When Charles Vanden Haute published a more or less accurate description of the memorial list of the Bruges painters’ trade in 1913, the register had suffered no damage whatsoever. It was not damaged until World War II, just a few weeks before the Liberation in September 1944. In 1942, the City Council had considered it advisable for security’s sake to remove the most precious pieces of the City Archives, the Groeninge Museum, the City Library and the social welfare council and to store them in the uninhabited but well-maintained castle of Lavaux-Sainte-Anne (presently the City of Rochefort in the province of Namur). The documents and works of art were moved during the month of June. There they were held in custody of Herman Bouchery, an Antwerp curator who also was responsible for the moved documents and masterpieces of Antwerp. The transfer to Lavaux-Sainte-Anne was carried out at the urgent request of the German military authorities, though with the approval of the City Council. On 27 January 1944 it was also decided by the City Council at the suggestion of the City archivist to move fifty additional boxes of charters to Lavaux-Sainte-Anne. Most of the records were stored in some two hundred wooden cases in the castle’s cellars. After having been inspected by the assistant archivist Albert Schouteet the documents were removed from the cases on 6 July 1942: some documents had suffered moisture damage. Thereupon, these records were preserved in three halls on the first floor of the castle. It is unknown if the memorial list had already suffered damage at the time.
The transport to Lavaux-Sainte-Anne was intended as a precaution against possible war damage, as Bruges was located at less than 30 km away from the coast. However, armed resistance groups were on active service. On 10 and 11 August 1944, a resistance group attacked the castle. For that reason the curator Bouchery decided to evacuate the masterpieces and documents from the castle. The preliminary work for the move already started on 14 August 1944. Various Bruges paintings, especially Flemish Primitives, had already been transported to Brussels in June 1944, where they would be preserved in the Société Générale’s cellars henceforth. On 16 August 1944, the Bruges City Council decided that the cases and boxes of the City Archives of Bruges, together with the remaining masterpieces and precious works of the City Library, had to be taken to Brussels. A first convoy left on 22 August 1944. Subsequently, the second convoy left on 26 August. This second convoy was inadvertently fired upon by the allied air force in Bouvignes (currently the Cityity of Dinant) shortly after it had left. Five trucks were riddled with bullets. During the firing, two guides were killed, there were five serious casualties and various people were slightly wounded. Several records had obviously suffered damage as well. Ever since, quite some documents of the City Archives have had bullet holes.

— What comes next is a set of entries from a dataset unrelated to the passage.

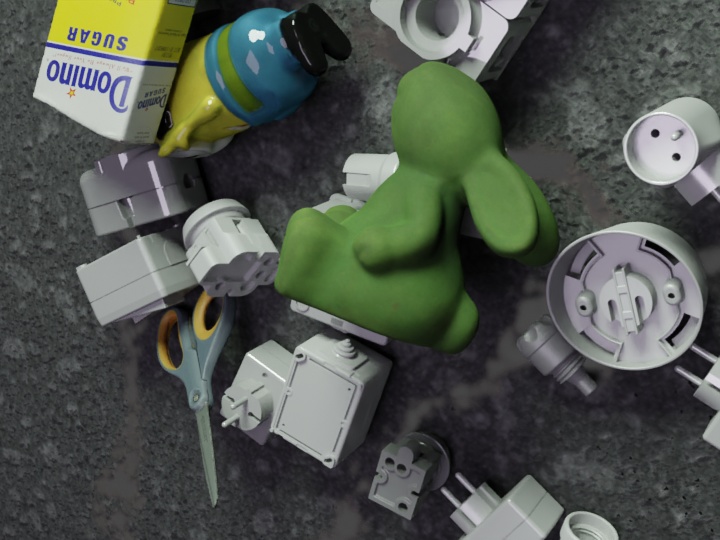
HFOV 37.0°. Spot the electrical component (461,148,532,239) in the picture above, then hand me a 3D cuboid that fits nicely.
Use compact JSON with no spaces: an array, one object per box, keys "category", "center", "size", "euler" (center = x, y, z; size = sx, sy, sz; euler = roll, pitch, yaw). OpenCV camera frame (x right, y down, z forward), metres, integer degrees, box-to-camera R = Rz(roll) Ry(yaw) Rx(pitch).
[{"category":"electrical component","center":[0.081,-0.066,0.741],"size":[0.066,0.047,0.076],"euler":[14,111,26]}]

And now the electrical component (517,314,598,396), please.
[{"category":"electrical component","center":[0.141,0.062,0.751],"size":[0.061,0.035,0.035],"euler":[46,120,7]}]

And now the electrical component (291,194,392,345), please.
[{"category":"electrical component","center":[0.000,0.000,0.802],"size":[0.100,0.048,0.099],"euler":[20,113,22]}]

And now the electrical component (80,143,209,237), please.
[{"category":"electrical component","center":[-0.177,-0.068,0.875],"size":[0.095,0.054,0.059],"euler":[-12,98,31]}]

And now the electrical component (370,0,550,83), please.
[{"category":"electrical component","center":[0.084,-0.206,0.691],"size":[0.089,0.062,0.150],"euler":[40,119,13]}]

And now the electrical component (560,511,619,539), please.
[{"category":"electrical component","center":[0.161,0.205,0.778],"size":[0.040,0.040,0.046],"euler":[26,120,20]}]

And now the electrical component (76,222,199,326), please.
[{"category":"electrical component","center":[-0.184,0.009,0.894],"size":[0.096,0.062,0.061],"euler":[-23,91,32]}]

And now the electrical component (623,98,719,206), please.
[{"category":"electrical component","center":[0.204,-0.066,0.657],"size":[0.079,0.077,0.043],"euler":[50,121,7]}]

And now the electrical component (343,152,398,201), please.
[{"category":"electrical component","center":[0.016,-0.066,0.781],"size":[0.046,0.040,0.040],"euler":[8,107,32]}]

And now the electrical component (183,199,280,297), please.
[{"category":"electrical component","center":[-0.104,-0.018,0.841],"size":[0.058,0.078,0.057],"euler":[-49,60,30]}]

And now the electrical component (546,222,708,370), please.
[{"category":"electrical component","center":[0.176,0.016,0.702],"size":[0.099,0.064,0.099],"euler":[8,107,26]}]

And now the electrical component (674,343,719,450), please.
[{"category":"electrical component","center":[0.242,0.076,0.693],"size":[0.077,0.047,0.065],"euler":[34,117,16]}]

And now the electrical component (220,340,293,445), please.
[{"category":"electrical component","center":[-0.085,0.104,0.859],"size":[0.047,0.077,0.065],"euler":[34,117,16]}]

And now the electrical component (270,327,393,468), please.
[{"category":"electrical component","center":[-0.018,0.090,0.828],"size":[0.062,0.061,0.096],"euler":[28,117,19]}]

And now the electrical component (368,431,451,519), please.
[{"category":"electrical component","center":[0.040,0.152,0.818],"size":[0.048,0.055,0.066],"euler":[24,114,21]}]

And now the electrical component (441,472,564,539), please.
[{"category":"electrical component","center":[0.093,0.185,0.803],"size":[0.075,0.047,0.083],"euler":[45,120,11]}]
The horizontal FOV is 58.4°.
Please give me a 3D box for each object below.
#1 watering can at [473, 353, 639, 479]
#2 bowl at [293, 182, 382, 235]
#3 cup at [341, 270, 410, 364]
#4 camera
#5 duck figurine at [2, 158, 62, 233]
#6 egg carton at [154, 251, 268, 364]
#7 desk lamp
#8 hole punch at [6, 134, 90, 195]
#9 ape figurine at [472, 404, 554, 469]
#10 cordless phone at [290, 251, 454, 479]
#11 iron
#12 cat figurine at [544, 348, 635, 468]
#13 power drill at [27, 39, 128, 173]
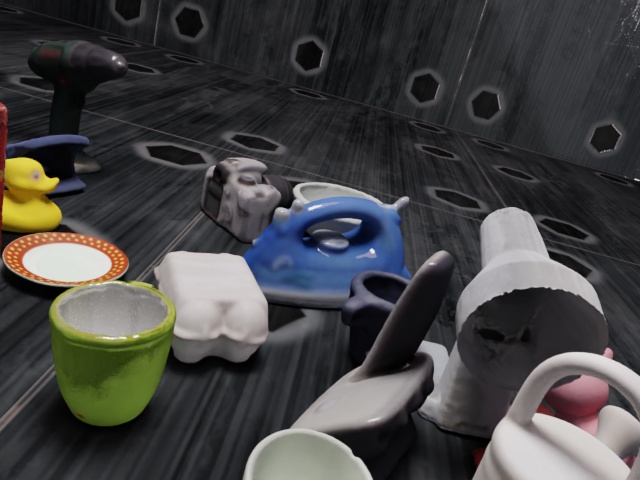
[{"bbox_3d":[0.164,0.162,0.393,0.100,0.194,0.173,25,23,23],"label":"watering can"},{"bbox_3d":[0.029,-0.032,0.935,0.167,0.075,0.167,14,22,-5],"label":"bowl"},{"bbox_3d":[0.058,0.095,0.619,0.118,0.095,0.091,-8,32,-46],"label":"cup"},{"bbox_3d":[-0.099,-0.073,0.912,0.137,0.101,0.142,-5,29,-41],"label":"camera"},{"bbox_3d":[-0.377,-0.061,0.714,0.105,0.086,0.077,7,23,-21],"label":"duck figurine"},{"bbox_3d":[-0.115,0.066,0.604,0.107,0.069,0.150,4,24,-26],"label":"egg carton"},{"bbox_3d":[0.167,0.085,0.554,0.118,0.213,0.203,15,22,-2],"label":"desk lamp"},{"bbox_3d":[-0.407,-0.121,0.832,0.100,0.091,0.109,25,23,23],"label":"hole punch"},{"bbox_3d":[0.173,0.179,0.495,0.076,0.092,0.078,32,27,35],"label":"ape figurine"},{"bbox_3d":[0.052,0.099,0.481,0.094,0.185,0.148,23,23,19],"label":"cordless phone"},{"bbox_3d":[0.007,0.003,0.745,0.259,0.141,0.118,1,26,-33],"label":"iron"},{"bbox_3d":[0.261,0.164,0.558,0.067,0.118,0.127,0,27,-35],"label":"cat figurine"},{"bbox_3d":[-0.394,-0.220,0.924,0.228,0.208,0.076,28,25,29],"label":"power drill"}]

The memorial list of the Bruges painters’ trade had suffered an awful lot of damage. A bullet had penetrated the register from the back side and got stuck against the inner side of the front board. The wooden boards were shattered and parts are missing. The parchment leaves all have a bullet hole in the text section. Around this hole there were many long irregular star-shaped tears.
The Bruges archive records were moved to Brussels after this unfortunate incident. They remained in the cellars of the National Bank until 17 May 1945, more than eight months after the Liberation of Bruges and more than a week after the official war end.